* EXERCISE:
Please report every line of the listing below that has the word "base" in it.

* MATERIAL SHOWN:

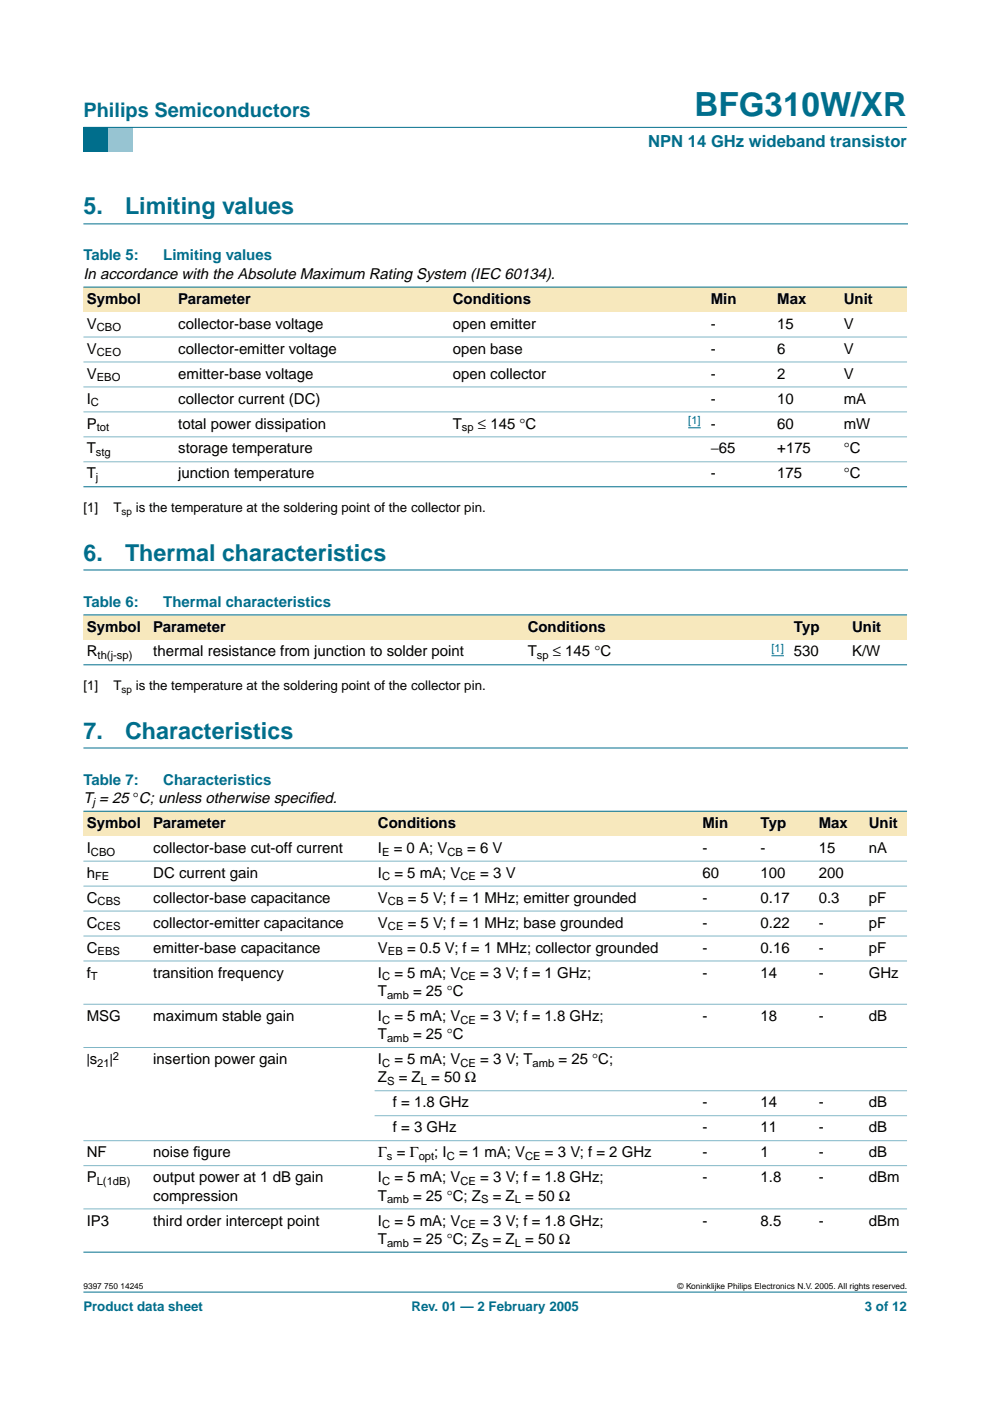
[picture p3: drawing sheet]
<svg xmlns="http://www.w3.org/2000/svg" width="210mm" height="297mm" viewBox="0 0 210 297" stroke-linecap="round" stroke-linejoin="round" font-family="sans-serif">
<defs><g id="words">
<text font-size="7.1" fill="#006e8c" x="147.2" y="24.7">BFG310W/XR</text>
<g font-size="4.9" fill="#006e8c">
<text x="17.7" y="45.5">5.</text>
<text x="26.5" y="45.5">Limiting values</text>
<text x="17.7" y="118.8">6.</text>
<text x="26.5" y="118.8">Thermal characteristics</text>
<text x="17.7" y="156.6">7.</text>
<text x="26.5" y="156.6">Characteristics</text>
</g>
<text font-size="4.2" fill="#006e8c" x="17.7" y="24.9">Philips Semiconductors</text>
<text font-size="3.5" fill="#006e8c" x="137.4" y="31.1">NPN 14 GHz wideband transistor</text>
<g font-size="3.2" fill="#006e8c">
<text x="17.7" y="55.2">Table 5:</text>
<text x="34.6" y="55.2">Limiting values</text>
<text x="17.7" y="128.6">Table 6:</text>
<text x="34.6" y="128.6">Thermal characteristics</text>
<text x="17.7" y="166.4">Table 7:</text>
<text x="34.6" y="166.4">Characteristics</text>
</g>
<g font-size="3.2">
<text x="17.7" y="59.1">In accordance with the Absolute Maximum Rating System (IEC 60134).</text>
<text x="18.4" y="64.4">Symbol</text>
<text x="37.8" y="64.4">Parameter</text>
<text x="96" y="64.4">Conditions</text>
<text x="150.7" y="64.4">Min</text>
<text x="164.8" y="64.4">Max</text>
<text x="178.9" y="64.4">Unit</text>
<text x="18.4" y="69.7">V</text>
<text x="37.8" y="69.7">collector-base voltage</text>
<text x="96" y="69.7">open emitter</text>
<text x="150.7" y="69.7">-</text>
<text x="164.8" y="69.7">15</text>
<text x="178.9" y="69.7">V</text>
<text x="18.4" y="75">V</text>
<text x="37.8" y="75">collector-emitter voltage</text>
<text x="96" y="75">open base</text>
<text x="150.7" y="75">-</text>
<text x="164.8" y="75">6</text>
<text x="178.9" y="75">V</text>
<text x="18.4" y="80.3">V</text>
<text x="37.8" y="80.3">emitter-base voltage</text>
<text x="96" y="80.3">open collector</text>
<text x="150.7" y="80.3">-</text>
<text x="164.8" y="80.3">2</text>
<text x="178.9" y="80.3">V</text>
<text x="18.4" y="85.6">I</text>
<text x="37.8" y="85.6">collector current (DC)</text>
<text x="150.7" y="85.6">-</text>
<text x="164.8" y="85.6">10</text>
<text x="178.9" y="85.6">mA</text>
<text x="18.4" y="90.9">P</text>
<text x="37.8" y="90.9">total power dissipation</text>
<text x="96" y="90.9">T</text>
<text x="101.3" y="90.9">≤ 145 °C</text>
<text x="150.7" y="90.9">-</text>
<text x="164.8" y="90.9">60</text>
<text x="178.9" y="90.9">mW</text>
<text x="18.4" y="96.1">T</text>
<text x="18.4" y="101.4">T</text>
<text x="37.8" y="96.1">storage temperature</text>
<text x="37.8" y="101.4">junction temperature</text>
<text x="150.7" y="96.1">−65</text>
<text x="150.7" y="101.4">-</text>
<text x="164.8" y="101.4">175</text>
<text x="164.8" y="96.1">+175</text>
<text x="178.9" y="96.1">°C</text>
<text x="178.9" y="101.4">°C</text>
<text x="18.4" y="133.9">Symbol</text>
<text x="32.5" y="133.9">Parameter</text>
<text x="111.9" y="133.9">Conditions</text>
<text x="168.3" y="133.9">Typ</text>
<text x="180.7" y="133.9">Unit</text>
<text x="18.4" y="139.2">R</text>
<text x="32.5" y="139.2">thermal resistance from junction to solder point</text>
<text x="111.9" y="139.2">T</text>
<text x="117.2" y="139.2">≤ 145 °C</text>
<text x="168.3" y="139.2">530</text>
<text x="180.7" y="139.2">K/W</text>
<text x="17.7" y="170.2">T = 25 °C; unless otherwise specif</text>
<text x="65.5" y="170.2">ied.</text>
<text x="18.4" y="175.5">Symbol</text>
<text x="32.5" y="175.5">Parameter</text>
<text x="80.1" y="175.5">Conditions</text>
<text x="148.9" y="175.5">Min</text>
<text x="161.3" y="175.5">Typ</text>
<text x="173.6" y="175.5">Max</text>
<text x="184.2" y="175.5">Unit</text>
<text x="18.4" y="180.8">I</text>
<text x="32.5" y="180.8">collector-base cut-off current</text>
<text x="80.1" y="180.8">I</text>
<text x="83.5" y="180.8">= 0 A; V</text>
<text x="99.1" y="180.8">= 6 V</text>
<text x="148.9" y="180.8">-</text>
<text x="161.3" y="180.8">-</text>
<text x="173.6" y="180.8">15</text>
<text x="184.2" y="180.8">nA</text>
<text x="18.4" y="186.1">h</text>
<text x="18.4" y="191.4">C</text>
<text x="32.5" y="186.1">DC current gain</text>
<text x="32.5" y="191.4">collector-base capacitance</text>
<text x="80.1" y="186.1">I</text>
<text x="80.1" y="191.4">V</text>
<text x="83.6" y="186.1">= 5 mA; V</text>
<text x="86.4" y="191.4">= 5 V; f = 1 MHz; emitter grounded</text>
<text x="101.8" y="186.1">= 3 V</text>
<text x="148.9" y="191.4">-</text>
<text x="148.9" y="186.1">60</text>
<text x="161.3" y="191.4">0.17</text>
<text x="161.3" y="186.1">100</text>
<text x="173.6" y="191.4">0.3</text>
<text x="173.6" y="186.1">200</text>
<text x="184.2" y="191.4">pF</text>
<text x="18.4" y="196.7">C</text>
<text x="32.5" y="196.7">collector-emitter capacitance</text>
<text x="80.1" y="196.7">V</text>
<text x="86.4" y="196.7">= 5 V; f = 1 MHz; base grounded</text>
<text x="148.9" y="196.7">-</text>
<text x="161.3" y="196.7">0.22</text>
<text x="173.6" y="196.7">-</text>
<text x="184.2" y="196.7">pF</text>
<text x="18.4" y="202">C</text>
<text x="32.5" y="202">emitter-base capacitance</text>
<text x="80.1" y="202">V</text>
<text x="86.3" y="202">= 0.5 V; f = 1 MHz; collector grounded</text>
<text x="148.9" y="202">-</text>
<text x="161.3" y="202">0.16</text>
<text x="173.6" y="202">-</text>
<text x="184.2" y="202">pF</text>
<text x="18.4" y="207.3">f</text>
<text x="32.5" y="207.3">transition frequency</text>
<text x="80.1" y="207.3">I</text>
<text x="83.6" y="207.3">= 5 mA; V</text>
<text x="101.8" y="207.3">= 3 V; f = 1 GHz;</text>
<text x="148.9" y="207.3">-</text>
<text x="161.3" y="207.3">14</text>
<text x="173.6" y="207.3">-</text>
<text x="184.2" y="207.3">GHz</text>
<text x="80.1" y="211.2">T</text>
<text x="87.6" y="211.2">= 25 °C</text>
<text x="18.4" y="216.4">MSG</text>
<text x="32.5" y="216.4">maximum stable gain</text>
<text x="80.1" y="220.3">T</text>
<text x="80.1" y="216.4">I</text>
<text x="83.6" y="216.4">= 5 mA; V</text>
<text x="87.6" y="220.3">= 25 °C</text>
<text x="101.8" y="216.4">= 3 V; f = 1.8 GHz;</text>
<text x="148.9" y="216.4">-</text>
<text x="161.3" y="216.4">18</text>
<text x="173.6" y="216.4">-</text>
<text x="184.2" y="216.4">dB</text>
<text x="18.4" y="225.6">|s</text>
<text x="23.3" y="225.6">|</text>
<text x="32.5" y="225.6">insertion power gain</text>
<text x="80.1" y="225.6">I</text>
<text x="83.6" y="225.6">= 5 mA; V</text>
<text x="101.8" y="225.6">= 3 V; T</text>
<text x="118.4" y="225.6">= 25 °C;</text>
<text x="80.1" y="229.5">Z</text>
<text x="84.5" y="229.5">= Z = 50 Ω</text>
<text x="83.3" y="234.8">f = 1.8 GHz</text>
<text x="148.9" y="234.8">-</text>
<text x="161.3" y="234.8">14</text>
<text x="173.6" y="234.8">-</text>
<text x="184.2" y="234.8">dB</text>
<text x="18.4" y="245.4">NF</text>
<text x="32.5" y="245.4">noise f</text>
<text x="41" y="245.4">igure</text>
<text x="80.1" y="245.4">Γ = Γ</text>
<text x="83.3" y="240.1">f = 3 GHz</text>
<text x="92.1" y="245.4">; I</text>
<text x="97.3" y="245.4">= 1 mA; V</text>
<text x="115.5" y="245.4">= 3 V; f = 2 GHz</text>
<text x="148.9" y="245.4">-</text>
<text x="148.9" y="240.1">-</text>
<text x="161.3" y="245.4">1</text>
<text x="161.3" y="240.1">11</text>
<text x="173.6" y="245.4">-</text>
<text x="173.6" y="240.1">-</text>
<text x="184.2" y="245.4">dB</text>
<text x="184.2" y="240.1">dB</text>
<text x="18.4" y="250.7">P</text>
<text x="32.5" y="250.7">output power at 1 dB gain</text>
<text x="80.1" y="250.7">I</text>
<text x="83.6" y="250.7">= 5 mA; V</text>
<text x="101.8" y="250.7">= 3 V; f = 1.8 GHz;</text>
<text x="148.9" y="250.7">-</text>
<text x="161.3" y="250.7">1.8</text>
<text x="173.6" y="250.7">-</text>
<text x="184.2" y="250.7">dBm</text>
<text x="32.5" y="254.5">compression</text>
<text x="80.1" y="254.5">T</text>
<text x="87.6" y="254.5">= 25 °C; Z</text>
<text x="104.5" y="254.5">= Z = 50 Ω</text>
<text x="18.4" y="259.8">IP3</text>
<text x="32.5" y="259.8">third order intercept point</text>
<text x="80.1" y="259.8">I</text>
<text x="80.1" y="263.7">T</text>
<text x="83.6" y="259.8">= 5 mA; V</text>
<text x="87.6" y="263.7">= 25 °C; Z</text>
<text x="101.8" y="259.8">= 3 V; f = 1.8 GHz;</text>
<text x="104.5" y="263.7">= Z = 50 Ω</text>
<text x="148.9" y="259.8">-</text>
<text x="161.3" y="259.8">8.5</text>
<text x="173.6" y="259.8">-</text>
<text x="184.2" y="259.8">dBm</text>
</g>
<g font-size="2.8">
<text x="17.7" y="108.6">[1]</text>
<text x="24" y="108.6">T</text>
<text x="28.8" y="108.6">is the temperature at the soldering point of the collector pin.</text>
<text x="17.7" y="146.4">[1]</text>
<text x="24" y="146.4">T</text>
<text x="28.8" y="146.4">is the temperature at the soldering point of the collector pin.</text>
</g>
<g font-size="2.8" fill="#006e8c">
<text x="17.7" y="278">Product data sheet</text>
<text x="87.2" y="278">Rev. 01 — 2 February 2005</text>
<text x="183.4" y="278">3 of 12</text>
</g>
<g font-size="2.4">
<text x="20.5" y="70.3">CBO</text>
<text x="20.5" y="75.6">CEO</text>
<text x="20.5" y="80.8">EBO</text>
<text x="19.3" y="86.1">C</text>
<text x="20.5" y="91.4">tot</text>
<text x="97.9" y="91.4">sp</text>
<text x="20.3" y="96.7">stg</text>
<text x="20.3" y="102">j</text>
<text x="20.7" y="139.8">th(j-sp)</text>
<text x="113.8" y="139.8">sp</text>
<text x="19.6" y="170.8">j</text>
<text x="19.3" y="181.4">CBO</text>
<text x="81" y="181.4">E</text>
<text x="94.9" y="181.4">CB</text>
<text x="20.2" y="186.7">FE</text>
<text x="20.7" y="192">CBS</text>
<text x="81" y="186.7">C</text>
<text x="82.2" y="192">CB</text>
<text x="97.6" y="186.7">CE</text>
<text x="20.7" y="197.3">CES</text>
<text x="82.2" y="197.3">CE</text>
<text x="20.7" y="202.6">EBS</text>
<text x="82.2" y="202.6">EB</text>
<text x="19.3" y="207.8">T</text>
<text x="81" y="207.8">C</text>
<text x="97.6" y="207.8">CE</text>
<text x="82.1" y="211.7">amb</text>
<text x="81" y="217">C</text>
<text x="82.1" y="220.9">amb</text>
<text x="97.6" y="217">CE</text>
<text x="20.6" y="226.2">21</text>
<text x="23.9" y="224.7">2</text>
<text x="81" y="226.2">C</text>
<text x="97.6" y="226.2">CE</text>
<text x="112.9" y="226.2">amb</text>
<text x="82.1" y="230.1">S</text>
<text x="89.2" y="230.1">L</text>
<text x="82" y="245.9">s</text>
<text x="88.8" y="245.9">opt</text>
<text x="94.7" y="245.9">C</text>
<text x="111.4" y="245.9">CE</text>
<text x="20.5" y="251.2">L(1dB)</text>
<text x="81" y="251.2">C</text>
<text x="97.6" y="251.2">CE</text>
<text x="82.1" y="255.1">amb</text>
<text x="102" y="255.1">S</text>
<text x="109.1" y="255.1">L</text>
<text x="81" y="260.4">C</text>
<text x="97.6" y="260.4">CE</text>
<text x="82.1" y="264.3">amb</text>
<text x="102" y="264.3">S</text>
<text x="109.1" y="264.3">L</text>
</g>
<g font-size="2.4" fill="#00f">
<text x="145.9" y="89.9">[1]</text>
<text x="163.6" y="138.2">[1]</text>
</g>
<g font-size="2.1">
<text x="25.8" y="109.1">sp</text>
<text x="25.8" y="146.9">sp</text>
</g>
<g font-size="1.8">
<text x="17.7" y="273.4">9397 750 14245</text>
<text x="143.7" y="273.4">© Koninklijke Philips Electronics N.V. 2005. All rights reserved.</text>
</g>
</g></defs>
<path d="M17.7 273.9h174.6z" fill="#006e8c" stroke="#006e8c" stroke-width=".21"/>
<path d="M17.7 27h5.3v5.3h-5.3z" fill-rule="evenodd" fill="#006e8c"/>
<path d="M23 27h5.3v5.3h-5.3z" fill-rule="evenodd" fill="#96c4d6"/>
<path d="M17.7 27h174.6z" fill="#006e8c" stroke="#006e8c" stroke-width=".21"/>
<path d="M17.7 47.5h174.7M17.7 120.8h174.7M17.7 158.6h174.7" fill="none" stroke="#006e8c" stroke-width=".21"/>
<g fill="#f7e8bd">
<path d="M17.7 60.9h19.4v5.3h-19.4z" fill-rule="evenodd"/>
<path d="M37.1 60.9h58.2v5.3h-58.2z" fill-rule="evenodd"/>
<path d="M95.3 60.9h45.9v5.3h-45.9z" fill-rule="evenodd"/>
<path d="M141.2 60.9h8.8v5.3h-8.8z" fill-rule="evenodd"/>
<path d="M150 60.9h14.1v5.3h-14.1z" fill-rule="evenodd"/>
<path d="M164.1 60.9h14.1v5.3h-14.1z" fill-rule="evenodd"/>
<path d="M178.2 60.9h14.1v5.3h-14.1z" fill-rule="evenodd"/>
</g>
<path d="M145.9 90.7h2.7" fill="none" stroke="#00f" stroke-width=".21"/>
<g fill="#006e8c" stroke="#006e8c" stroke-width=".21">
<path d="M17.7 60.9h174.6z"/>
<path d="M17.7 103.2h174.6z"/>
</g>
<g fill="#80b6c6" stroke="#80b6c6" stroke-width=".21">
<path d="M17.7 71.5h174.6z"/>
<path d="M17.7 76.7h174.6z"/>
<path d="M17.7 82h174.6z"/>
<path d="M17.7 87.3h174.6z"/>
<path d="M17.7 92.6h174.6z"/>
<path d="M17.7 97.9h174.6z"/>
</g>
<g fill="#f7e8bd">
<path d="M17.7 130.4h14.1v5.3h-14.1z" fill-rule="evenodd"/>
<path d="M31.8 130.4h79.4v5.3h-79.4z" fill-rule="evenodd"/>
<path d="M111.2 130.4h49.4v5.3h-49.4z" fill-rule="evenodd"/>
<path d="M160.6 130.4h7v5.3h-7z" fill-rule="evenodd"/>
<path d="M167.6 130.4h12.4v5.3h-12.4z" fill-rule="evenodd"/>
<path d="M180 130.4h12.3v5.3h-12.3z" fill-rule="evenodd"/>
</g>
<path d="M163.6 139h2.6" fill="none" stroke="#00f" stroke-width=".21"/>
<g fill="#006e8c" stroke="#006e8c" stroke-width=".21">
<path d="M17.7 130.4h174.6z"/>
<path d="M17.7 141h174.6z"/>
</g>
<g fill="#f7e8bd">
<path d="M17.7 172h14.1v5.3h-14.1z" fill-rule="evenodd"/>
<path d="M31.8 172h47.6v5.3h-47.6z" fill-rule="evenodd"/>
<path d="M79.4 172h61.8v5.3h-61.8z" fill-rule="evenodd"/>
<path d="M141.2 172h7v5.3h-7z" fill-rule="evenodd"/>
<path d="M148.2 172h12.4v5.3h-12.4z" fill-rule="evenodd"/>
<path d="M160.6 172h12.3v5.3h-12.3z" fill-rule="evenodd"/>
<path d="M172.9 172h10.6v5.3h-10.6z" fill-rule="evenodd"/>
<path d="M183.5 172h8.8v5.3h-8.8z" fill-rule="evenodd"/>
</g>
<g fill="#006e8c" stroke="#006e8c" stroke-width=".21">
<path d="M17.7 172h174.6z"/>
<path d="M17.7 265.5h174.6z"/>
</g>
<g fill="#80b6c6" stroke="#80b6c6" stroke-width=".21">
<path d="M17.7 182.6h174.6z"/>
<path d="M17.7 187.9h174.6z"/>
<path d="M17.7 193.2h174.6z"/>
<path d="M17.7 198.5h174.6z"/>
<path d="M17.7 203.7h174.6z"/>
<path d="M17.7 212.9h174.6z"/>
<path d="M17.7 222.1h174.6z"/>
<path d="M79.4 231.3h112.9z"/>
<path d="M79.4 236.6h112.9z"/>
<path d="M17.7 241.8h174.6z"/>
<path d="M17.7 247.1h174.6z"/>
<path d="M17.7 256.3h174.6z"/>
</g>
<use href="#words"/>
</svg>

* COMPLETED EXERCISE:
<text x="37.8" y="69.7">collector-base voltage</text>
<text x="96" y="75">open base</text>
<text x="37.8" y="80.3">emitter-base voltage</text>
<text x="32.5" y="180.8">collector-base cut-off current</text>
<text x="32.5" y="191.4">collector-base capacitance</text>
<text x="86.4" y="196.7">= 5 V; f = 1 MHz; base grounded</text>
<text x="32.5" y="202">emitter-base capacitance</text>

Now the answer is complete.